If Bridget felt confused, Godric felt absolutely flummoxed. As if the memories from both his previous times in the village — and he did not know why he was able to recall those months, as others seemed to leave and recall nothing upon their return — conflicting with those from his real life was not enough of a daily correlative struggle, he now felt simultaneously drawn to and unsure of the girl who looked, and sometimes acted, so much like Sæunn.
All he knew was that the ease with which they spoke was not quite the same as his and Sæunn's, but nor was it wholly dissimilar. They got on well, although that too was not quite the same. And he reminded himself that it would not be, because this girl was not Sæunn; this was something he had to remind himself each time he sought to speak with her.
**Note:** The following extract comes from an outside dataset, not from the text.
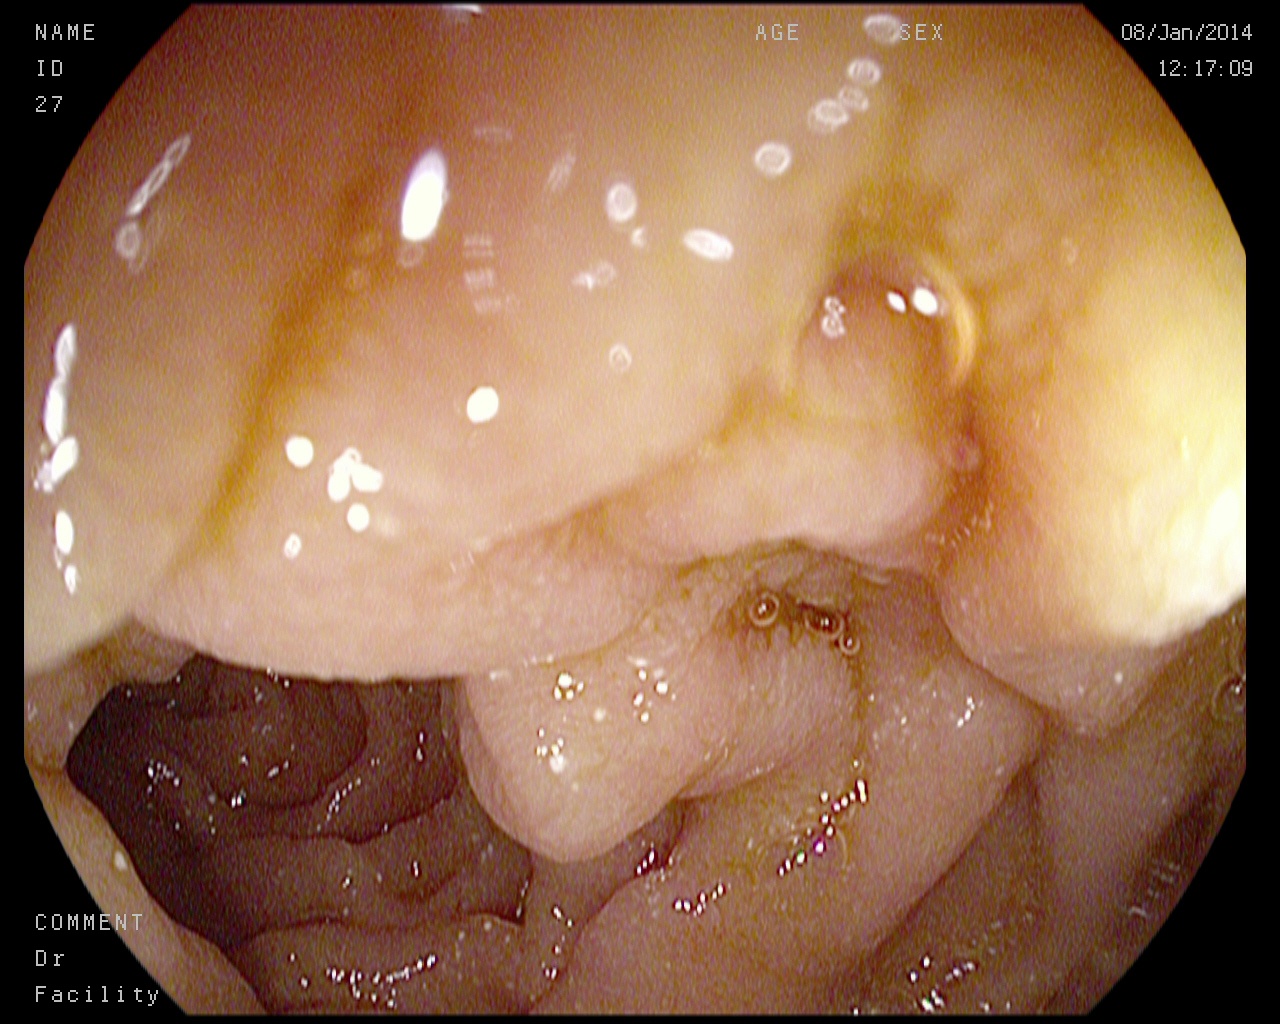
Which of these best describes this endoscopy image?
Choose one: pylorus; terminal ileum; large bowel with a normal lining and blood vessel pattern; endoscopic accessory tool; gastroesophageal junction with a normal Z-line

terminal ileum

Godric did not want to cause offense by calling her the wrong name, and he hated more to make an excuse for his actions, but — she looked so much like her, and there were moments and minutes when sometimes he forgot.
Coming down from the mountains to his clearing, Godric stopped when he heard a soft lullaby. He froze in his step, his face straining as he listened to it. This here was one of those moments when he could easily forget that this was a different girl from a different time, and not simply his love wearing what they called modern clothing. The lullaby brought back a bittersweet memory, of sitting here in this same clearing, as a boy of 18 and not a man of 42, sitting beside Sæunn and their infant boy Goðólfr, listening as Sæunn sang the boy to sleep by a fire which Godric had brought to life with magic.
"She used to sing that to our son, for the few weeks they were here," Godric said quietly as an introduction, sitting down beside her on the log, his long legs bent at the knees and his elbows resting atop them. "Why do you cry, Bridget?"